It's the last trading day of the year.

Grain futures are mixed this morning, with stability noted after yesterday's large declines. It is the year's last trading day, with volume likely receding quickly after mid-morning. Grains do close at regular time and reopen Sunday night with full-day trading on Monday.

Argentina has reported that his corn condition rating fell sharply to 58% good/excellent versus 90% from early December on the continued heat/Dryness. They did not receive rain yesterday morning, and Argentina has a light forecast of moisture for this weekend. The planted corn is in the fill and late pollination stage under extreme heat, which lowers its yield potential. Argentina still has 29% of its corn yet to plant, which is part of its record planting intentions. If Argentina plants the remainder of its corn crop after January 10, there is a yield drag, just like planting corn in the US after May 10. The Argentine weather forecast calls for another 10-14 days of extreme heat/dryness, with the corn crop going backwards with high temps of 90s into the lower 100s which will persist into January 12.

Argentina was to be the second-largest exporter of corn, based on S Brazil dryness and corn crop losses of 5-6.5 MMT's there. It does not take much of a loss of Argentine production to turn world corn roundtables more friendly and shift additional export demand to the US. Corn is in a bull market alongside soybeans and should look to move higher into the January 12 crop report. Recent price weakness is additional price procuring opportunities.

Jordan has now issued a new wheat tender for 120,000 MTs of new crop wheat with Iraq likely back in Monday tendering for US HRW wheat for February/March delivery. Wheat's recent weakness will likely uncover more end-user demand into the new year.

South American weather, even though beneficial rains did fall yesterday and areas of southern Brazil, with some more showers anticipated over the weekend, this area continues to be forecasted in a prevailing dryer trend across S Brazil and Argentina. Extreme heat was endured yesterday for the sixth day across Argentina, with highs in the 90s to lower 100s. Actual temp highs hit 106° in some crop areas. This extreme heat is concerning as is forecasted to continue for another two weeks. There is limited rainfall for the next five days, but it's mostly considered scattered showers. Rain totals are estimated mostly in the.50″ range with spotty 1.50′ potentials. Dryness returns to S Brazil/Argentina in the 11-15 day window. Northern Brazil weather pattern continues with the wet flow of 5.00-12.00″ of rain to saturate soil moisture to the next 14 days. These heavy rains are delaying soybean harvest, with flooding becoming widespread over Minas Gerias.

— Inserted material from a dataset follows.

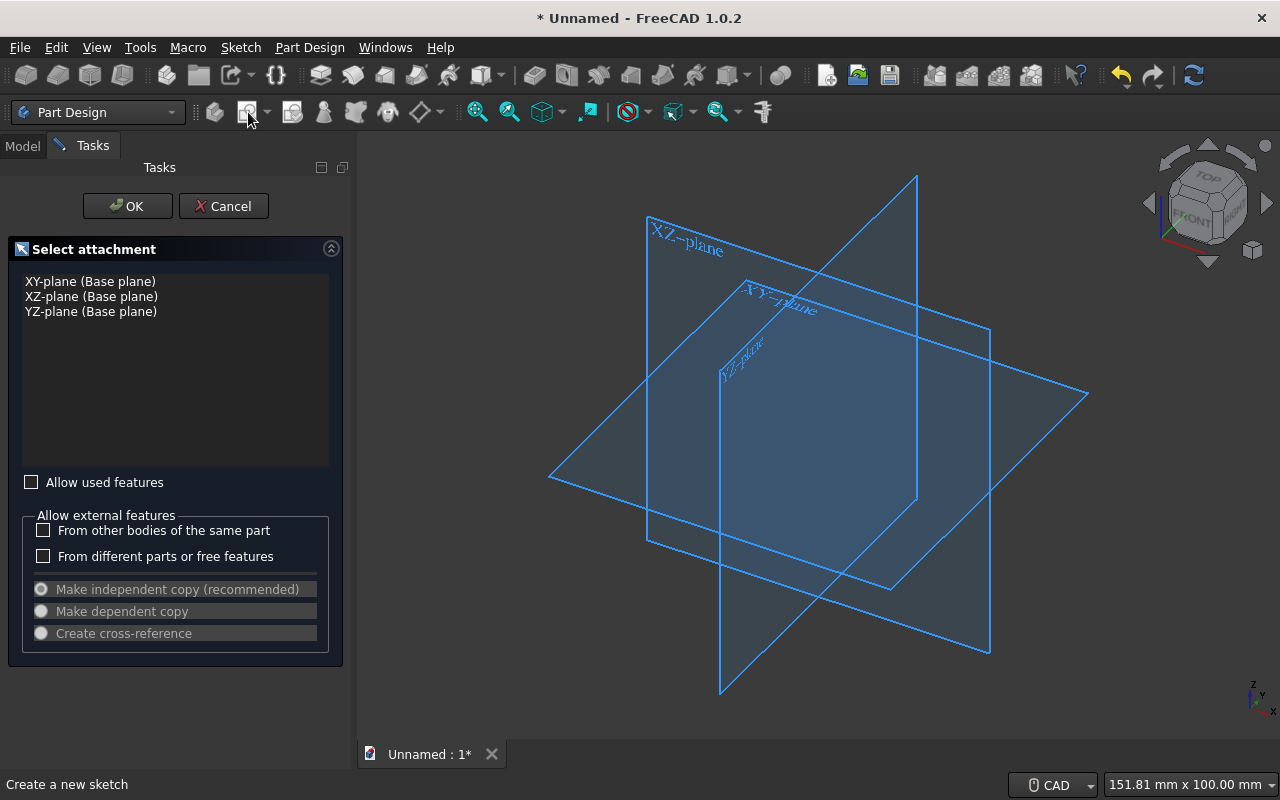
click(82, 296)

It was a quiet trading day yesterday, mainly in the cattle futures, while feeder cattle continued to gain as corn prices sank lower. March feeders are now at the highest price since early September. On Thursday, the cash cattle trade was light and limited to the Texas Panhandle, where cattle sold $3 higher from last week at $138 over $2 lower from earlier week Nebraska sales, which hit $140. Box beef was mixed with the choice value down $0.45 at $2 65.26, and the select value gained $1.14 to $258.23. Actual slaughter reports show that steer carcass weights fell 5 pounds in the last reporting week. But at 924 pounds, weights are still 2 pounds heavier than a year ago and at record levels.

At Heartland Investor Capital Management, the staff and I wish you a Happy and Prosperous New Year!